Una de mis rutinas cotidianas es subir caminando a la Facultad donde trabajo. Es un paseíto que disfruto cada mañana y que, además, evita que me anquilose demasiado. El caso es que el otro día llovía y, en el momento en que pasaba junto a la parada, apareció el autobús que lleva a mi destino. Y, sí, subí rompiendo mi costumbre. Lo que no sabía es que la conductora (mal que me pese, justo ese día era conductora) debía ser algo novata y nos ofreció un viaje de lo más anecdótico. En el momento en que tenía que girar hacia el campus universitario se equivocó y siguió recto. Ante las reclamaciones de todo el autobús levantado en rebelión, se dio cuenta de su error e intentó volver casi al inicio del recorrido, por más que el sublevado público le proponía un modo mucho más sencillo de recuperar la ruta.
La verdad es que la escena daba como para hacer una reflexión sobre lo susceptibles que estamos por la mañana o lo poco intransigentes que somos a la hora de acoger fallos ajenos. Con todo, no fue eso lo que más me llamó la atención, sino el caso omiso que hizo a las sensatas propuestas que le hacían mientras quien conducía nos dirigía a donde ella consideraba mejor, aunque nos retrasó mucho más de lo necesario. A veces nos pasa algo parecido y, si tenemos una idea en la cabeza, da igual la conveniencia de las opiniones ajenas.

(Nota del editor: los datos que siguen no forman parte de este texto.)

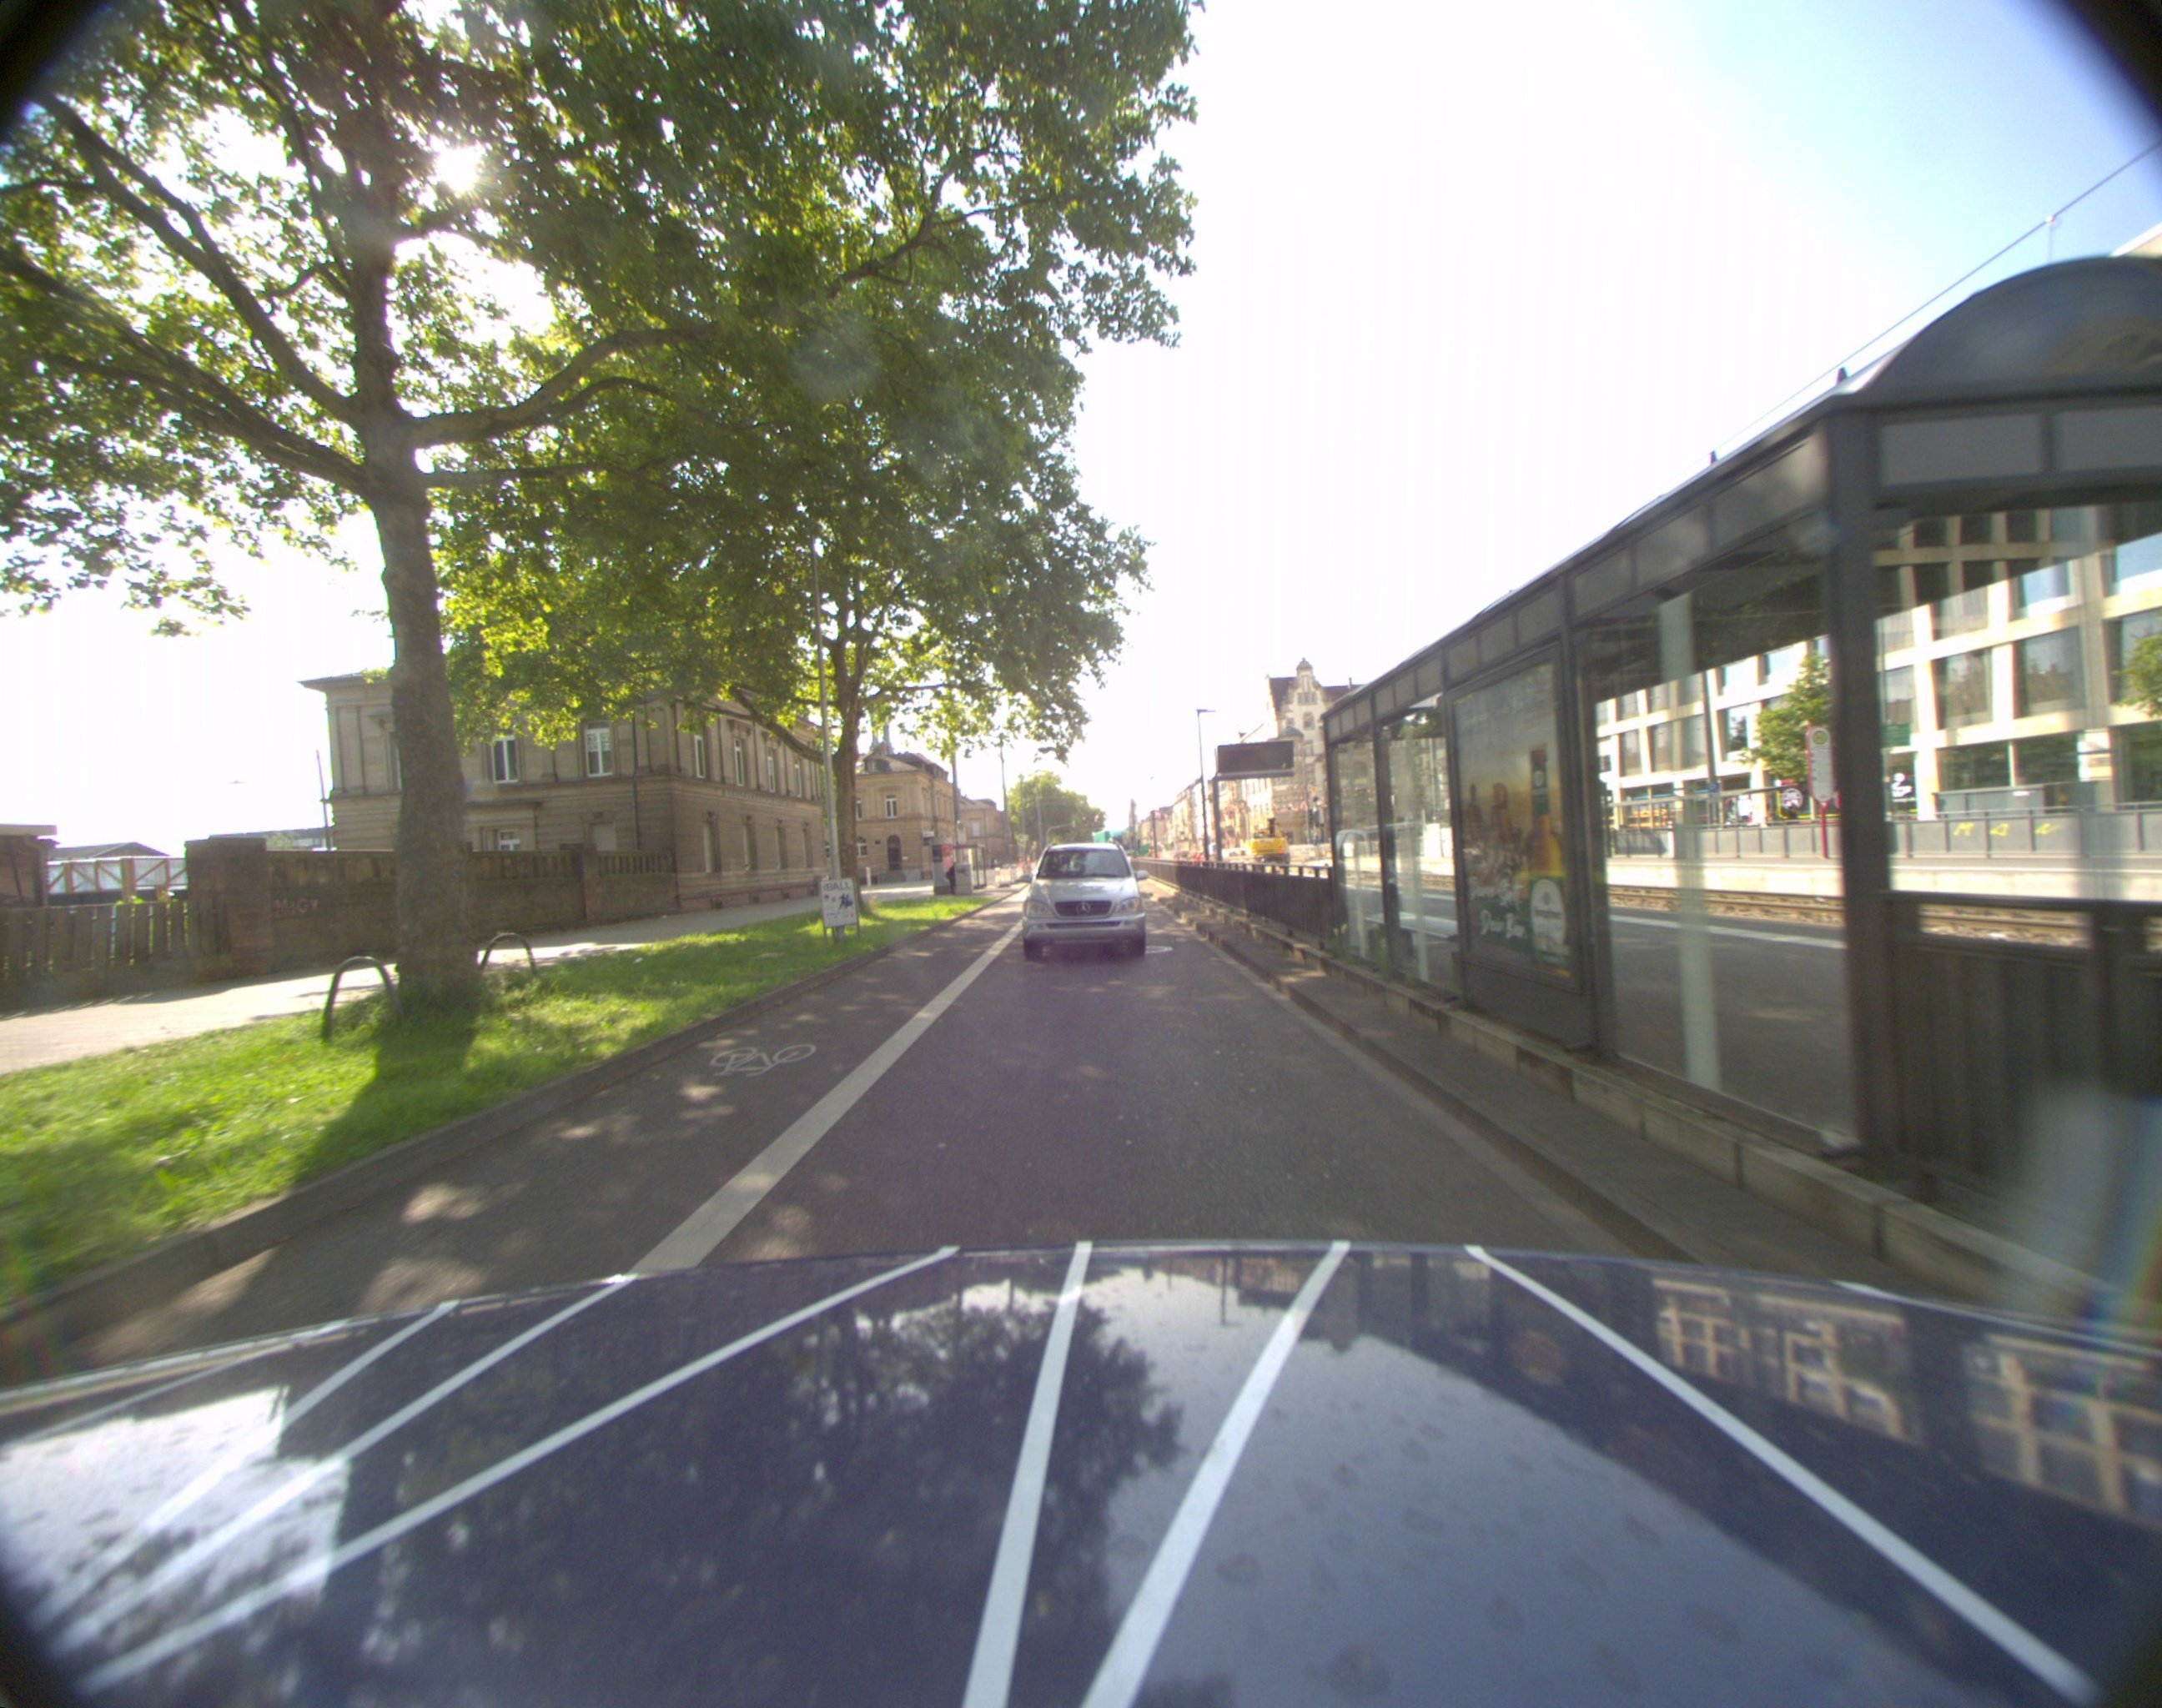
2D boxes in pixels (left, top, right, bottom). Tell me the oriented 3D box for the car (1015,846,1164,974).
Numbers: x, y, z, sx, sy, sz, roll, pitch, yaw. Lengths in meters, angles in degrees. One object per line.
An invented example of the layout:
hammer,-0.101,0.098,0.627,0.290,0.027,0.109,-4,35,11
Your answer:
car,0.156,0.788,13.311,1.998,1.685,5.225,-3,0,1

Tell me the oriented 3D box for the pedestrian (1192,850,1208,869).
pedestrian,8.582,0.427,54.694,0.838,1.299,0.800,-3,0,25

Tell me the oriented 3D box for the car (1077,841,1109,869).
car,1.244,0.141,80.101,2.232,2.713,5.166,-4,0,-10

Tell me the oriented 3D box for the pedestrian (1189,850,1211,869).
pedestrian,8.722,0.408,55.642,1.313,1.299,0.800,-3,0,25

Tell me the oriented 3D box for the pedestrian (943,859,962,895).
pedestrian,-6.145,1.087,36.431,0.690,1.687,0.648,-3,0,-20

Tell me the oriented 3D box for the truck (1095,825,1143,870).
truck,3.313,-0.532,68.597,2.682,3.656,8.209,-4,0,-8

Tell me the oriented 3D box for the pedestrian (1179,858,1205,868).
pedestrian,8.665,0.686,59.166,1.906,0.632,0.913,-4,0,5

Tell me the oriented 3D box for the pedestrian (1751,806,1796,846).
pedestrian,32.177,-1.290,35.329,0.978,1.742,1.123,-3,0,1

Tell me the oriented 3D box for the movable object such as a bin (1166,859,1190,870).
movable object such as a bin,6.902,0.741,54.151,1.507,0.649,0.702,-4,0,22

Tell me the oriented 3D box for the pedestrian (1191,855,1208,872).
pedestrian,8.872,0.721,57.032,0.983,1.183,0.800,-3,0,25

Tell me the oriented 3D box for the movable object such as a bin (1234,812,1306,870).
movable object such as a bin,14.980,-0.996,59.586,3.507,3.989,9.055,-3,0,25

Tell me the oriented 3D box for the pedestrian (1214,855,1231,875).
pedestrian,10.007,0.767,53.923,1.017,1.299,0.983,-3,0,5

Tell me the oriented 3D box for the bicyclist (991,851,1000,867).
bicyclist,-8.624,0.506,76.817,0.719,1.534,0.955,-4,0,-1

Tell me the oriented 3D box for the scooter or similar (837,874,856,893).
scooter or similar,-15.302,1.928,49.561,0.421,1.202,1.257,-4,-2,24

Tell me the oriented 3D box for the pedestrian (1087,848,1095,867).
pedestrian,1.064,0.357,81.833,0.735,2.002,0.907,-3,1,7

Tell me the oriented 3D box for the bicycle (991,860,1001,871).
bicycle,-8.585,1.128,76.751,0.719,1.036,1.903,-4,0,-1

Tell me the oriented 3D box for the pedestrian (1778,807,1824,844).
pedestrian,33.225,-1.299,35.095,0.978,1.588,1.123,-3,0,1

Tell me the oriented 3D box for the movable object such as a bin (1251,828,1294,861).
movable object such as a bin,21.049,-1.042,83.959,2.853,3.310,8.347,-3,0,3
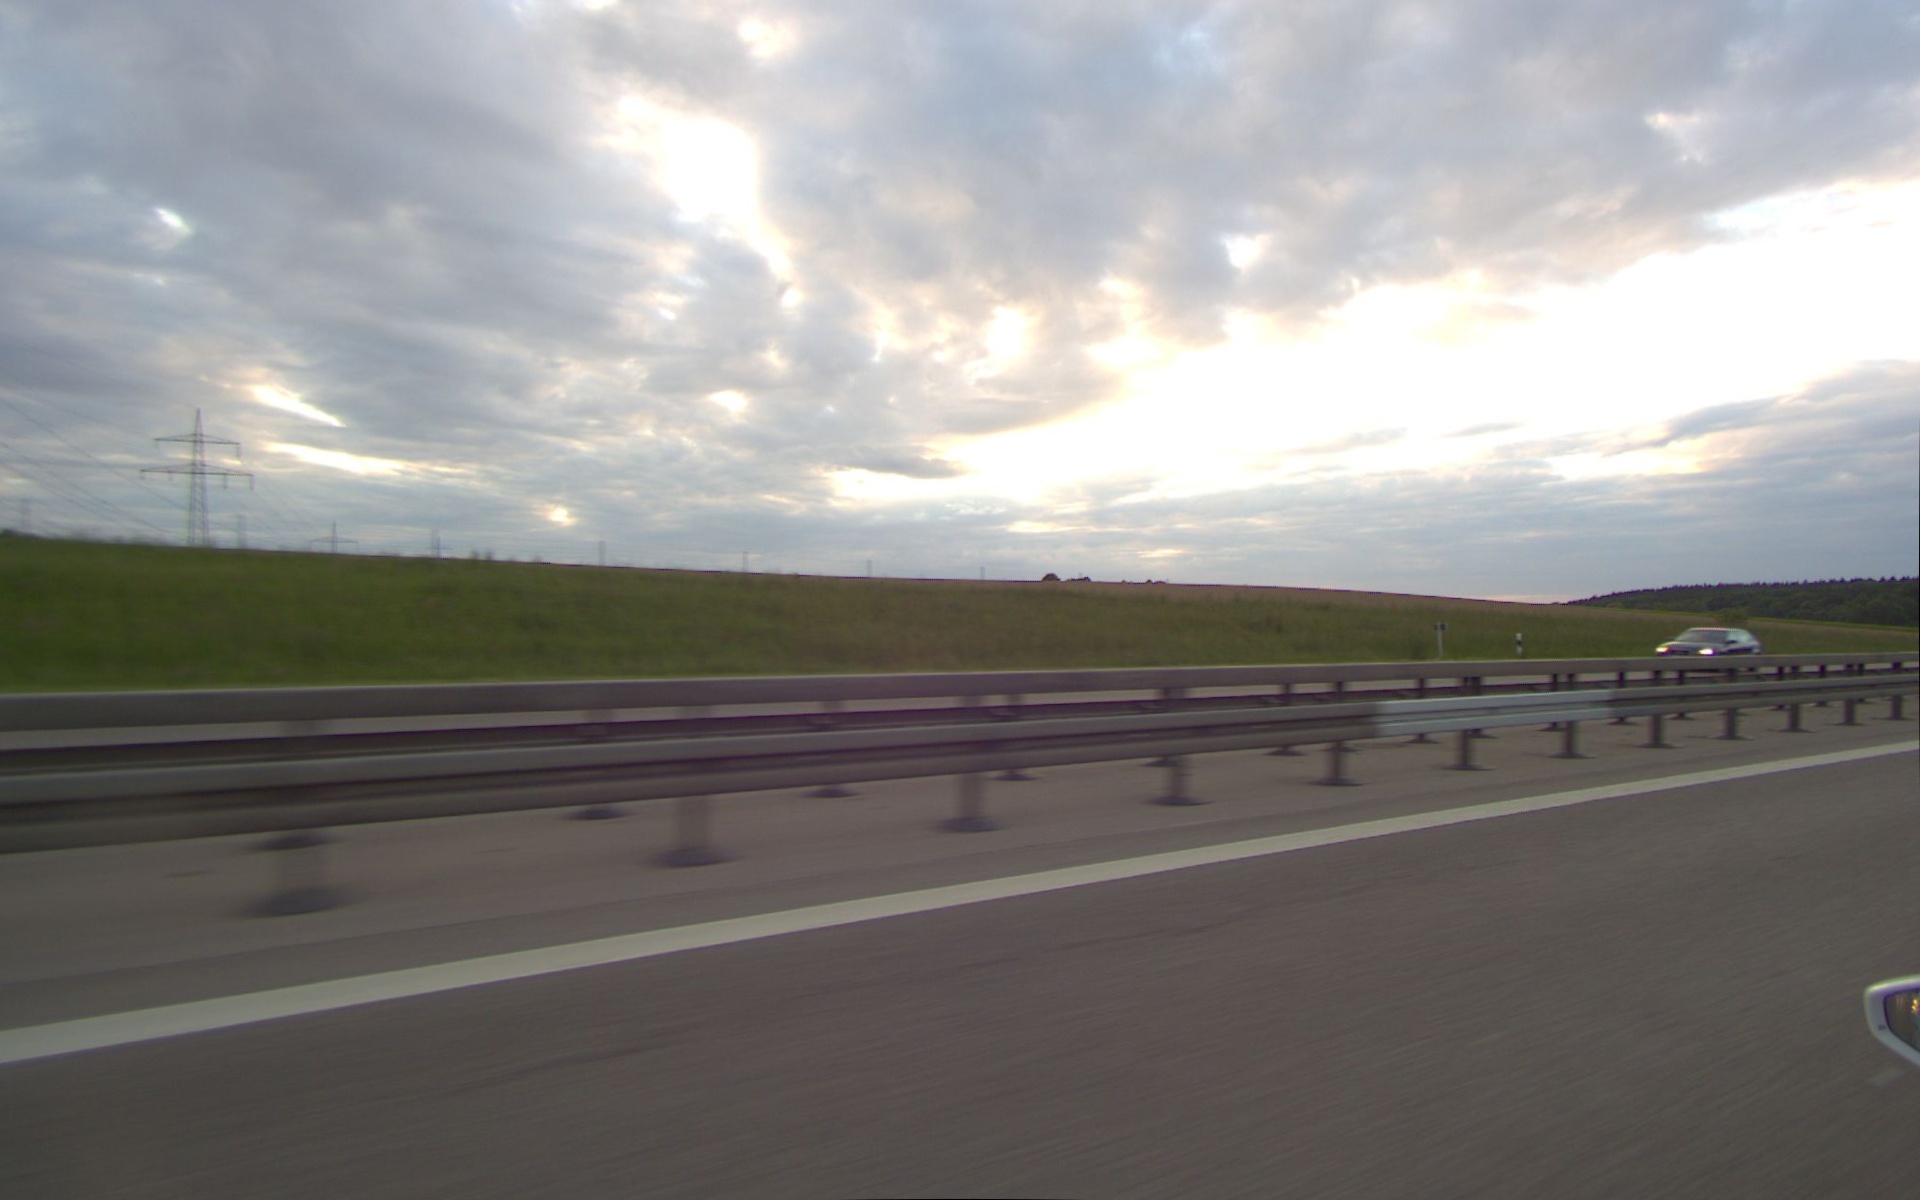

Tengo la sensación de que todos somos un poco esa “conductora”. Tenemos la responsabilidad de guiar nuestras existencias y, con frecuencia, acompañar a otros muchos en el día a día. No estamos exentos de errores y es fácil desviarnos de nuestra ruta, pero, en estos casos, lo más sabio siempre es escuchar las propuestas de otros que nos pueden sugerir nuevas sendas, inexploradas pero capaces de llevarnos a buen término.